Thank you soooo much!!
That girl being, Me

P.S. My name on here is slightly different than my blog name because I got this account first, and when I went to get my blogger, that name was already taken... does anyone know how to change my screen name on here?! Lol. Thanks


----------



## AdamsFamilyFarm (Nov 13, 2009)

Rabbits are another source of meat and can be raise fairly easily. Here is a website that holds classes here in Texas on various aspects of Homesteading. It looks pretty cool, but we haven't taken anything there yet. A friend of ours has taken several classes. I know you probably can't come and take the classes, but it might give you some more ideas.

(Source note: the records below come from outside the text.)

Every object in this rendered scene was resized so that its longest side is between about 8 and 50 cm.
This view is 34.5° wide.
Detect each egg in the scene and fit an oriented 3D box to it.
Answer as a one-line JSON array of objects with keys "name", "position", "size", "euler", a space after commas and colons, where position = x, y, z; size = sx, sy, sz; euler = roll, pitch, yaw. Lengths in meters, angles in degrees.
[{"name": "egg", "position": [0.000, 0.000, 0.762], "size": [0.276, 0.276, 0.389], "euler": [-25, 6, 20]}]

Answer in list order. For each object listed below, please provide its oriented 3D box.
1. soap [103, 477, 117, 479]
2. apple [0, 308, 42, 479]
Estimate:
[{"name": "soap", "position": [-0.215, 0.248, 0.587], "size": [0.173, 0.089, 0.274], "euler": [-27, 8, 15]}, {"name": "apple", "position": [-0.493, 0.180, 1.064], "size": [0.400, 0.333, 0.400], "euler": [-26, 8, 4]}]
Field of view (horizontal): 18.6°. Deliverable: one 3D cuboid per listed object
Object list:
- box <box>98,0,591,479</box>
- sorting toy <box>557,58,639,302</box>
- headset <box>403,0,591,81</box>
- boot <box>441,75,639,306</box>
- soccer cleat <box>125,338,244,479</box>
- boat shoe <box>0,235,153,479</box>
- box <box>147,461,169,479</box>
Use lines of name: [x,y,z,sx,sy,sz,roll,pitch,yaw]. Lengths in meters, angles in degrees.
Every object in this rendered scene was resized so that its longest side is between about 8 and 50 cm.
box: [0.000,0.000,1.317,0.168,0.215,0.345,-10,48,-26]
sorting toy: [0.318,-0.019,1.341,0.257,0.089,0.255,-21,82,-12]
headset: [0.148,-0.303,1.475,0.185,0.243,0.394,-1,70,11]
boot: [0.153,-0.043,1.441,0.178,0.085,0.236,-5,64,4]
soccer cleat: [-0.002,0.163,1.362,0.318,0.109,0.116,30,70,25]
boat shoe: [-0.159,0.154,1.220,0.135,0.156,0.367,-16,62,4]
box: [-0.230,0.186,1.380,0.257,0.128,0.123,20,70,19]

http://www.homesteadheritage.com


----------



## Maverick_mg (Mar 11, 2010)

maybe for you speech you could talk about how someone can live in the city and still live a sustainable life style. You could talk about turning you lawn into gardens, raising rabbits for meat and a few hens for eggs, using rain barrels on your downspouts to water your gardens, planing meals from ingredients that are obtained within 100 miles from your home and going to the farmers market for whatever you cant grow yourself. Asking to help out on farms in exchange for goods is also a way to farm with out having one of your own. Take pictures of your gardens and rabbit hutches and maybe even show some of your canned goods. Your on the right track with all you talked about that i don't think you really need a lot of help. Talking about how you live and how supporting the farmers market and local farms helps local families should make a good impression on the judges. Good luck and let us know how you do. If you have any questions pm me and i will see if i can help you answer them. i used to do a lot of the same things when i was in 4-h


----------



## InHisName (Jan 26, 2006)

I like your idea of a sample farmers market table for your demonstration. What about pics of animals with info about the things they provide: Example from our bazaar table: Meet Harriet, our dairy goat. She provides our family with cheese (example) soap (example) and meat , well, her wether kids. (jerky example) fertilizer (composted example) She won blue ribbon in fair, she is useful on our self sustaining farm. 
I think people are fascinated about hobby farms- and yes, they like to hear about an alternative to Walmart and supporting our local neighbors. Sounds good! I think it will be a challenge to not have too much stuff, but you could scour the magazines for their examples, especially now in our economic climate, their is a back to basics movement. Let us know how you do!
from 
A 4-H leader in WA.


----------



## Beingthatgirlme (Mar 20, 2010)

Maverick, I LOVE your idea!! That's what I want the project to be about, Urban homestead!! Thank you so much!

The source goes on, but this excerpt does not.